Entonces el jefe de los iberos tuvo una luminosa idea y decidió multiplicar sus fuerzas colocando bolas de paja en las astas de los novillos que tiraban de los carros, dejándolos en primera fila. Evidentemente el dolor y el pánico de los animales, les hizo enfurecerse y embestir a cuantas tropas cartaginesas se topaban de frente. Y de esta forma se ganó la batalla.
Desde entonces, en conmemoración de aquella victoria, aunque pocos la recuerden, se tortura un toro a fuego en distintos puntos del país, especialmente en la zona del levante, donde esta fiesta tiene gran arraigo.
Antes de nada, para realizar este festejo o celebración, es obviamente, colocarle al animal las bolas de fuego en su cornamenta. ¿Cómo se hace? Los encargados siempre son una cuadrilla de emboladores que deben trabajar con gran compenetración para inmovilizar a un toro de más de mil kilos. Lo primero que se hace es sujetar con una soga al toro por los cuernos y esta soga se pasa a través de un pilón, lo que viene siendo un palo grueso vertical, con un orificio en medio, preparado para tal fin. Una vez echo esto, se tira de la soga y se sujeta con una pinza de modo que la frente del toro quede completamente inmóvil y pegada al pilón. Es entonces cuando se coloca sobre su cabeza el herraje con las bolas, bien sujeto con agarraderas a los pitones del toro para que no se pueda liberar de él. Las bolas llevan estopa impregnada con material inflamable. Obviamente, en el momento en el que se aplica el fuego sobre la cabeza del toro, el animal comienza, a lo que los participantes llaman, “volverse bravo” y que no es otra cosa que entrar en pánico.

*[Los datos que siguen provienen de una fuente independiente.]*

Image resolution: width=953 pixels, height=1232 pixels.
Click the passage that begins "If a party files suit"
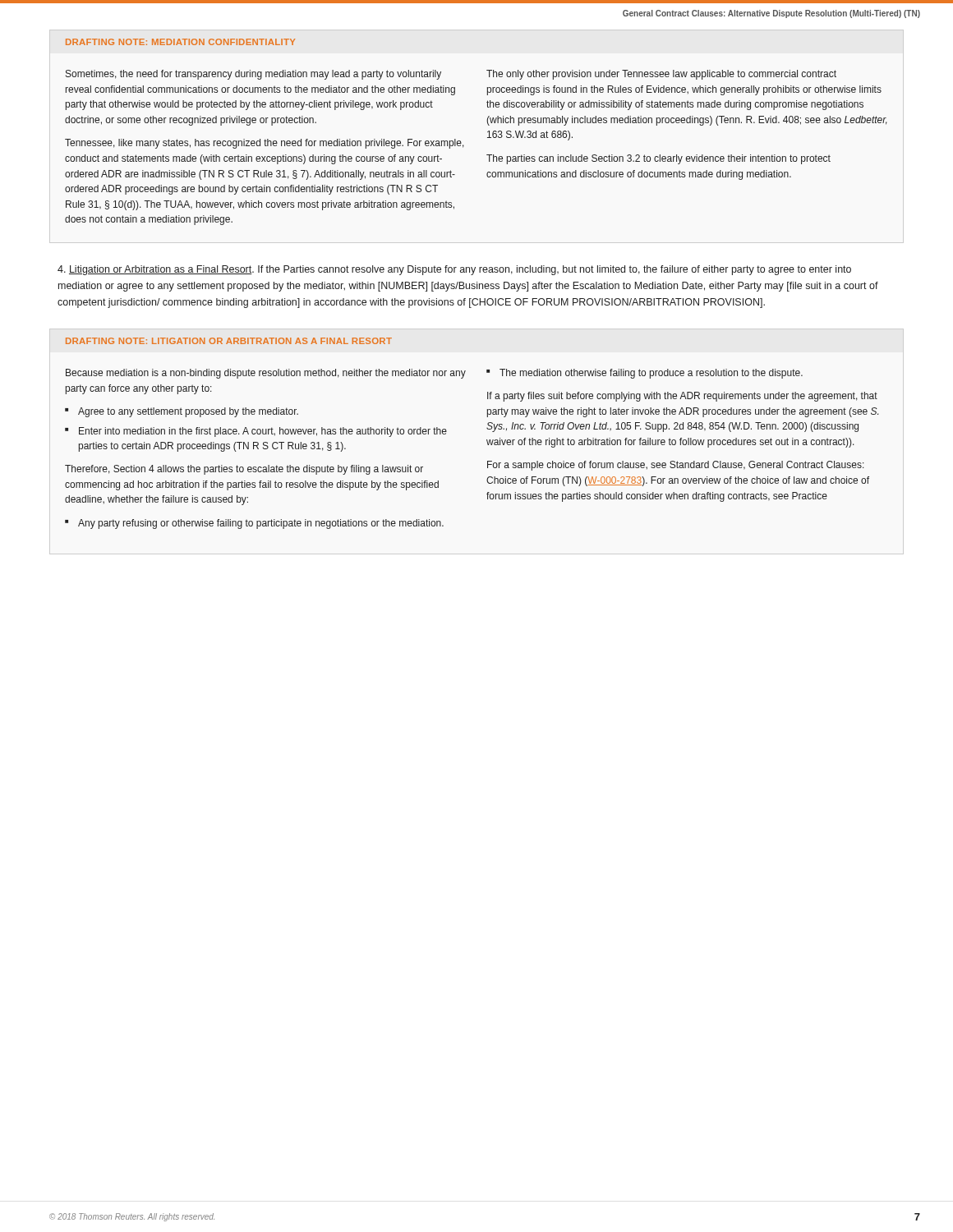coord(683,419)
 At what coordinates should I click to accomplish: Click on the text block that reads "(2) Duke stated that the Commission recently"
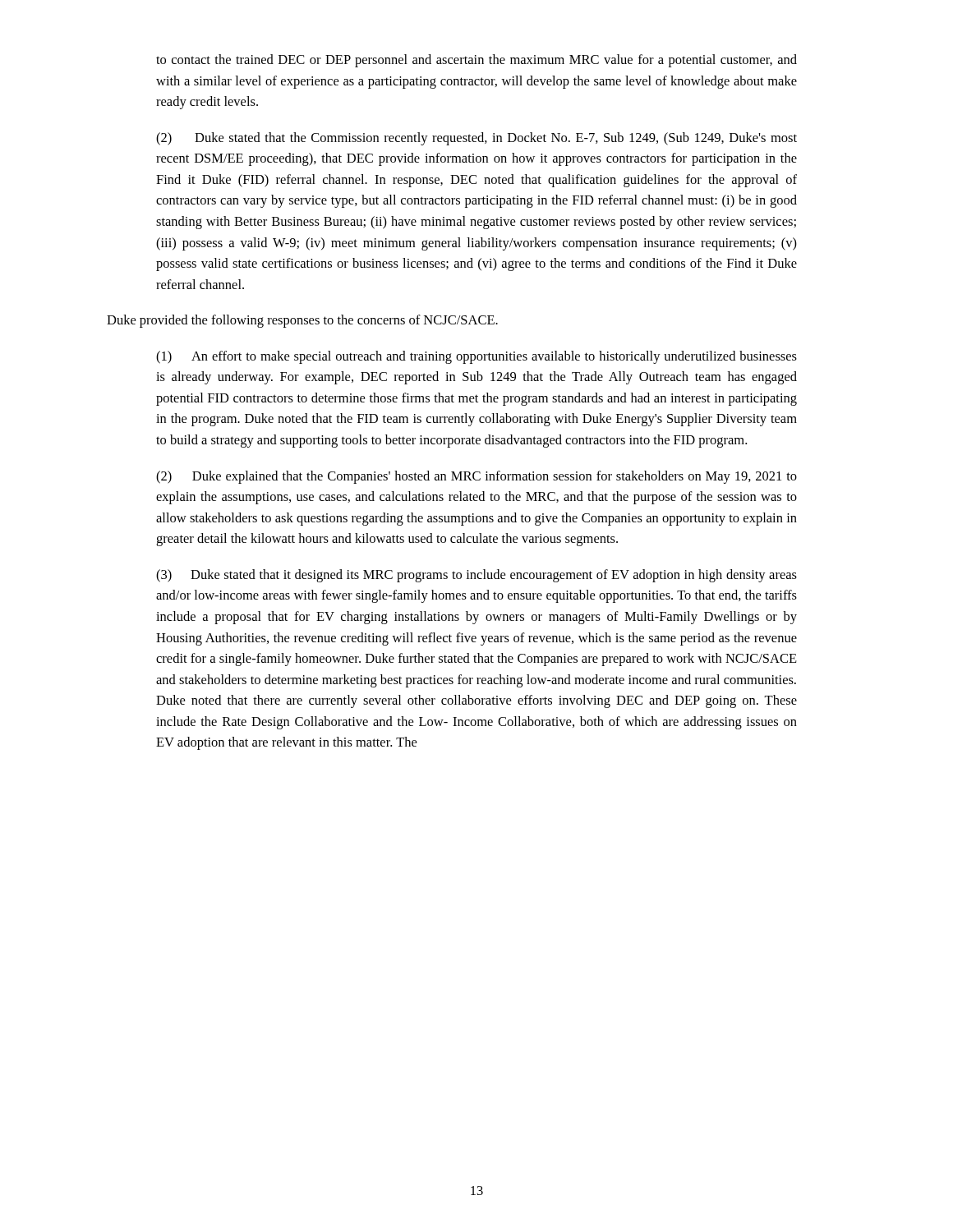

Es instintivo el pavor que la presencia del fuego provoca en los animales, algo que ya descubrió el Homo Erectus cuando comenzó a utilizar hogueras para ahuyentar a los animales salvajes. El toro embolado por lo tanto, sufrirá un grado de angustia extrema al sentirlo sobre sí y tratar de huir desesperadamente para preservar su vida, durante las dos horas que tarda el material en consumirse. El toro corre atormentado, golpeándose a menudo y lesionándose en en las caídas. El líquido inflamable no se apaga, si no que cae por sus pitones, llenos de terminaciones nerviosas, y las chispas queman su piel e incluso sus ojos. Cuando el toro se percata al fin de que huir es imposible, trata de apagar el fuego agitándose y sacudiéndose fuertemente hasta el punto de llegar a provocarse dislocaciones cervicales. El tormento llega a tal grado que no es infrecuente que el animal quiera acabar con su tortura golpeándose contra algún muro o despeñándose desde las alturas. Algunos mueren de un infarto provocado por el estrés. Los que sobreviven al martirio, serán sacrificados en un matadero.
Así que podemos decir que la fiesta del toro embolado consiste básicamente en contemplar a un animal volviéndose loco de terror.
Llegados a este punto, hemos de plantearnos una cosa: ¿Qué es la tradición? Según antropólogos, una tradición es el resultado de la parte de la cultura seleccionada en el tiempo con una función de uso en el presente y que remite a una identidad de grupo. No consiste en el calco del patrón original, pues ha de asumir nuevas funciones y significados dentro de un contexto social. Según G. Lenclud: “No es el pasado el que produce el presente, sino a la inversa, el presente quien configura al pasado”.
El patrimonio, no debe confundirse con cultura, la cultura se aprende y se transmite y el patrimonio remite a símbolos o lugares memorables. Lo que se convierte o no en patrimonio, es bastante arbitrario y está determinado por los grupos hegemónicos del momento.
Resumiendo: tanto la tradición como el patrimonio, tratan de expresar la identidad de un grupo humano y pretenden una continuidad generacional, que se suele llamar, herencia cultural.
Nos encontramos por tanto, en un sinsentido, si atendemos a las encuestas más recientes que declaran que un 84% de los ciudadanos entre 16 y 24 años afirman que no se sienten orgullosos en absoluto de la fiesta taurina, ni mucho menos representados por ella. En las nuevas generaciones, no existe esta perpetuación de lo que hasta ahora fue traición. El mundo taurino está en decadencia.
Por fortuna, la sociedad, comienza a ser intolerante a todo lo que conlleva algún tipo de sufrimiento y el rechazo a la tortura es cada vez más tajante. Es hora de reconocer que ya ha llovido demasiado y que, como humanos, algo hemos debido evolucionar desde os tiempos de Amílcar. El siglo XXI debe ser el siglo de la abolición.